I walked into my office on Friday and found my plant looking very sad (top left). Honestly, I almost cried myself. I couldn't believe it! It's one from your funeral and it just felt like yet another loss. I quickly (actually dropped everything and grabbed a water container) gave it water. And waited. And prayed. (Does it seem strange to pray for a plant?)
By early afternoon it looked like the bottom left, and by the time I left Friday evening, it was back: shiny, vibrant, and firm.
Resilient. Kinda like you over and over, until your heart said, "enough."
I'm tired, Aaron.
Not sure quite why; I did sleep pretty well last night and it's not like I've done anything strenuous.
Jonny, Avanlee, and Elend are back for a few days, and I love that they're here.
Tomorrow is President's Day, so I don't have to get up. If you were here, we'd probably spend the day being lazy. I might do that anyway.
A friend today said that robins sing in the dead of winter. They don't do it for warning, or for courtship. They sing just to sing.
I'm starting to be able to sing again. Music speaks so powerfully to my soul, and sometimes it's hard. You were actually a few months old before I could sing to you, and I alternated during those hard times singing to you, and not being able to sing to you.
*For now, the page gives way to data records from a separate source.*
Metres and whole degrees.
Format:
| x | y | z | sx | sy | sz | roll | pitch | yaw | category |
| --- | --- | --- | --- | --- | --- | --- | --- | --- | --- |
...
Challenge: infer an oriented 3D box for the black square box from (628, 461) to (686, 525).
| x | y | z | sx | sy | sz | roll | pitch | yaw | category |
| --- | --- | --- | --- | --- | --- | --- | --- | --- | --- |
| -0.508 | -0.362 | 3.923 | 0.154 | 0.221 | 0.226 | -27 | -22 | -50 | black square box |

It's just the way it was.
We talk a lot about vicarious trauma. It's the shift in our viewpoint when we witness trauma experienced by others. It seems to go hand in hand with survivor's guilt. We see other parents navigate child loss and simultaneously feel guilty that our child live, and also realize that our turn is coming.
What we don't often talk about is vicarious resiliency.
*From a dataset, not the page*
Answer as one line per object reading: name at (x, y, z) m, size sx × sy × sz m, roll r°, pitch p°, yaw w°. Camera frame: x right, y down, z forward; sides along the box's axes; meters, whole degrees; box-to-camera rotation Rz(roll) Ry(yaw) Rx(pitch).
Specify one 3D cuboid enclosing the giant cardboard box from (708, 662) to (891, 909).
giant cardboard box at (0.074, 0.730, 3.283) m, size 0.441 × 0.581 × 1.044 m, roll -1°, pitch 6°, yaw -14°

I watch other angel moms and how they navigate this devastating world.
I remember my Nana, and while I didn't know until I was much older, I found she had lost her first baby, and her first husband, and sent my Papa off to war. (Are you with them now? You share a middle name with Papa, both of you such incredibly strong, wonderful, loving men.)
My aunt has buried both of her boys.
Somehow, these women are still standing.
I watch neighbors who have outlived their children and they still laugh.
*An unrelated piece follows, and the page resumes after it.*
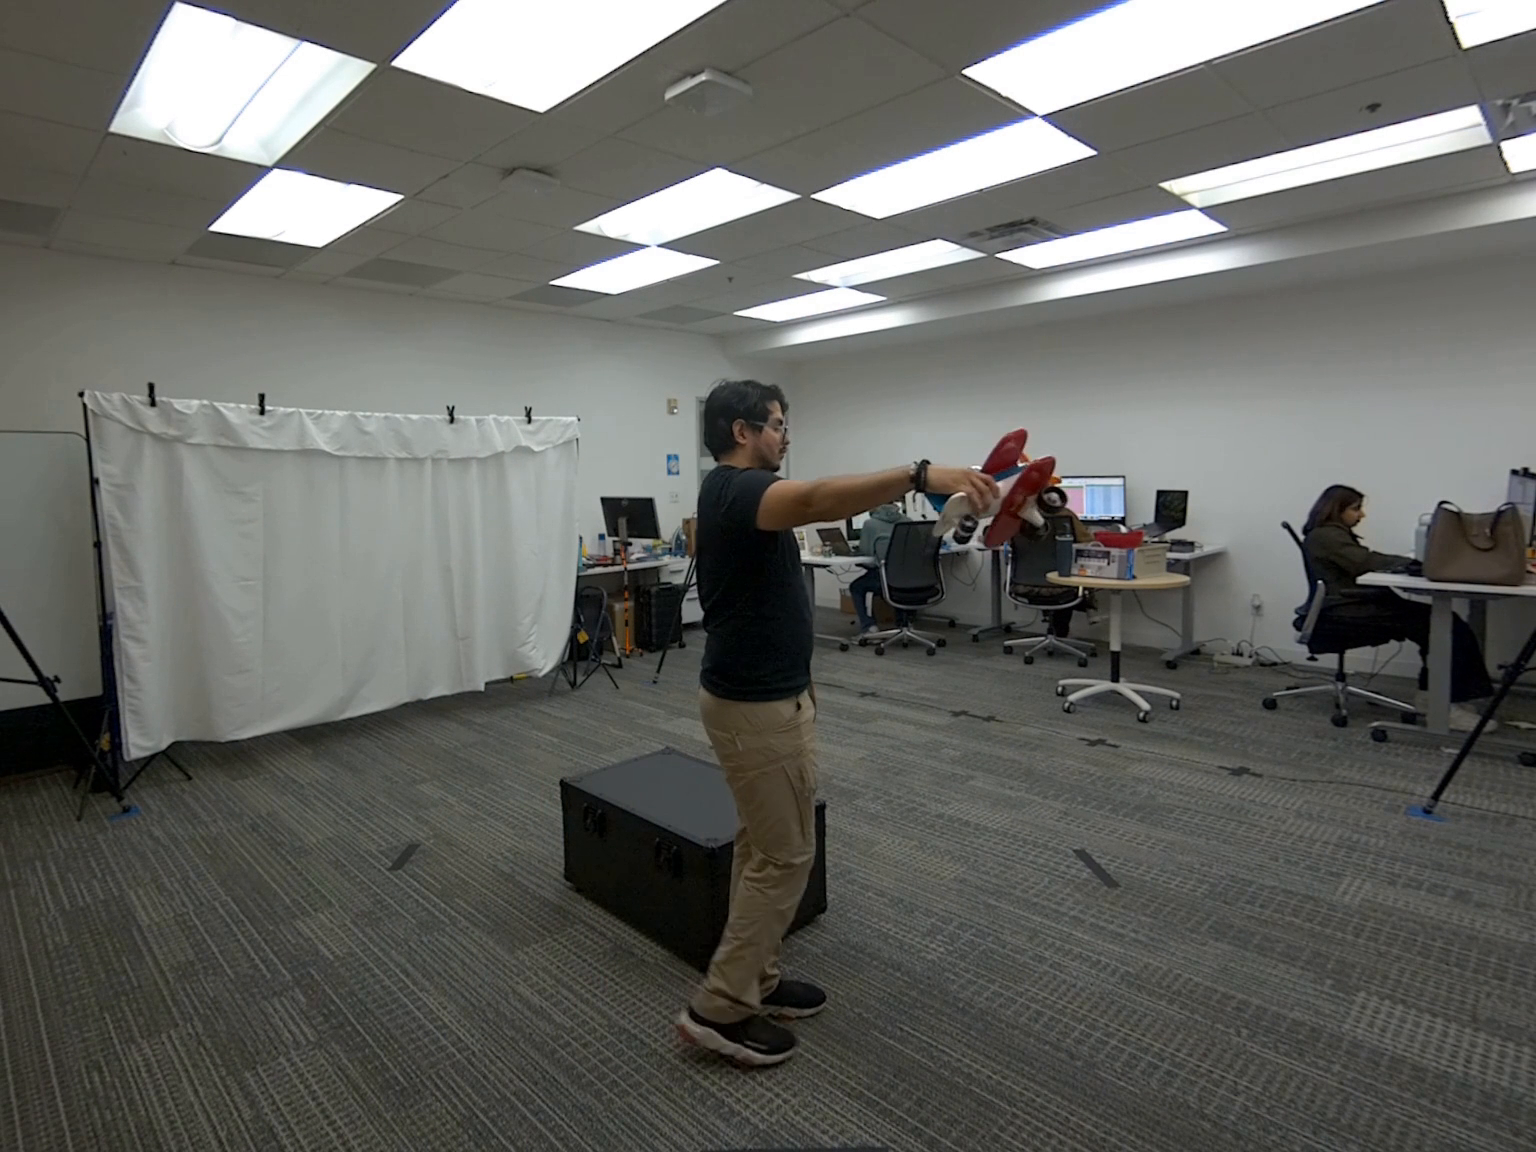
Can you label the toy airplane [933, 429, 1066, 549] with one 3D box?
[{"bbox_3d":[0.449,-0.158,1.651,0.251,0.162,0.251,13,-46,-39],"label":"toy airplane"}]

So I borrow strength from others who have gone before.
In some ways it's not that different from how I navigated this journey since we started, or even motherhood itself. I find other moms who've been there before.
I'm hopeful that I'll be able to do that for others, at some point. Right now it still is so raw. Today someone tried to liken another loss to losing a child. She meant well, I know she did. She was trying to relate. And all I could do was leave as quickly as possible. It didn't help that she said my heart must be so much more at peace and not hurt nearly as much now that I didn't have to care for you all the time. I didn't even have words. Again, I know she was trying to understand and help, but it just didn't. It was like a kick in the gut, kinda like when someone else asked if I was excited to travel and do a lot of things this year that I haven't been able to before.
NO!! My heart doesn't "feel better now" and NO, I'm not looking forward to my new freedom.
Sweet boy, I miss you. I'd give almost anything to have you back, except that wouldn't be fair to you.I keep replaying the last two years, the awful lab results, the hemorrhaging from your lungs, the sedations and paralytics and all. Yet you bounced back time after time. But not quite...
I think my heart knew, even if my mind would not acknowledge it. Your time was coming quickly. And yet you held on until Andrew was home, and you even held on until school was on break.
There was never going to be a good time to lose you, but if there was a "less bad" time, you picked it. My brave warrior, maybe I borrow some resiliency from you as well.
Maybe you can teach me how to heal...
I love you, I miss you.
To heal is to touch with love that which we previously touched with fear."